Picard (1993) mencatat bahwa kekerasan politis seperti terorisme tidak akan berpengaruh jika tidak diketahui oleh otoritas (pemerintah), masyarakat, atau para pendukungnya. Oleh karena itu media berperan penting untuk mengkomunikasikan peristiwa tersebut.

Bagaimanapun, peran media mendapatkan kritik dan telah banyak dibahas. Norris, Kern, dan Just (2003) menyatakan bahwa terdapat dua jenis liputan media tentang terorisme, yaitu satu sisi dan dua sisi.

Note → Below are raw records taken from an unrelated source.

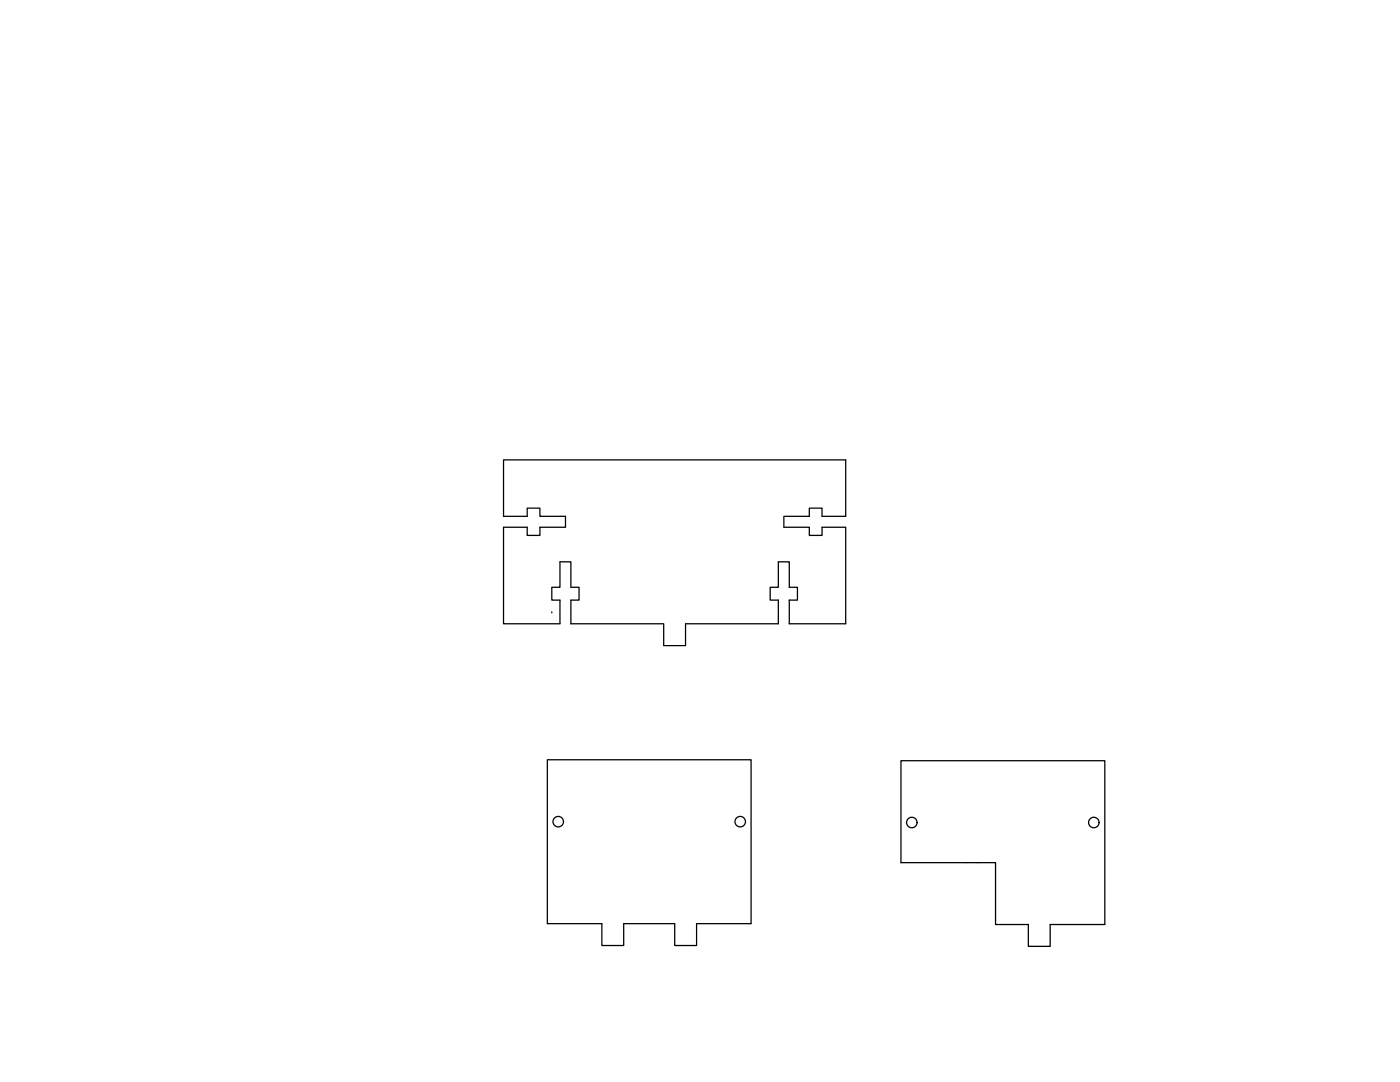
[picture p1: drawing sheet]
<svg xmlns="http://www.w3.org/2000/svg" width="279mm" height="216mm" viewBox="0 0 279 216" stroke-linecap="round" stroke-linejoin="round" font-family="sans-serif">
<!-- layer: 0 -->
<g fill="none" stroke="#000" stroke-width=".25">
<path d="M100.5 91.8h68.3v11.2h-4.7v-1.6h-2.6v1.6h-5.1v2.2h5.1v1.6h2.6v-1.6h4.7v19.3h-11.3v-4.8h1.6v-2.5h-1.6v-5.1h-2.2v5.1h-1.6v2.5h1.6v4.8h-18.5v4.3h-4.3v-4.3h-18.6v-4.8h1.7v-2.5h-1.7v-5.1h-2.1v5.1h-1.7v2.5h1.7v4.8h-11.3v-19.3h4.7v1.6h2.6v-1.6h5.1v-2.2h-5.1v-1.6h-2.6v1.6h-4.7zM110.1 122.3h.1M109.2 151.6h40.7v32.7h-10.9v4.4h-4.3v-4.4h-10.2v4.4h-4.4v-4.4h-10.9zM179.8 151.8h40.7v32.7h-10.9v4.3h-4.4v-4.3h-6.5v-12.4h-18.9z"/>
<circle cx="111.4" cy="164" r="1.05"/>
<circle cx="147.7" cy="164" r="1.05"/>
<circle cx="182" cy="164.1" r="1.05"/>
<circle cx="218.3" cy="164.1" r="1.05"/>
</g>
</svg>

Liputan satu sisi terjadi ketika kebanyakan orang seperti pemimpin, pemerintah, kelompok-kelompok politik tertentu, jurnalis, dan masyarakat umum memiliki pendapat yang sama tentang peristiwa terorisme, dan hanya sedikit pihak yang berbeda pendapat. Sedangkan dalam liputan dua sisi, terdapat lebih banyak diskusi dan perdebatan mengenai tindakan terorisme. Perbedaan pendapat yang tajam dapat terjadi dalam kelompok-kelompok masyarakat yang sangat terpengaruh dampak dari konflik yang terjadi dan di mana kelompok-kelompok masyarakat tersebut memiliki akses terhadap media.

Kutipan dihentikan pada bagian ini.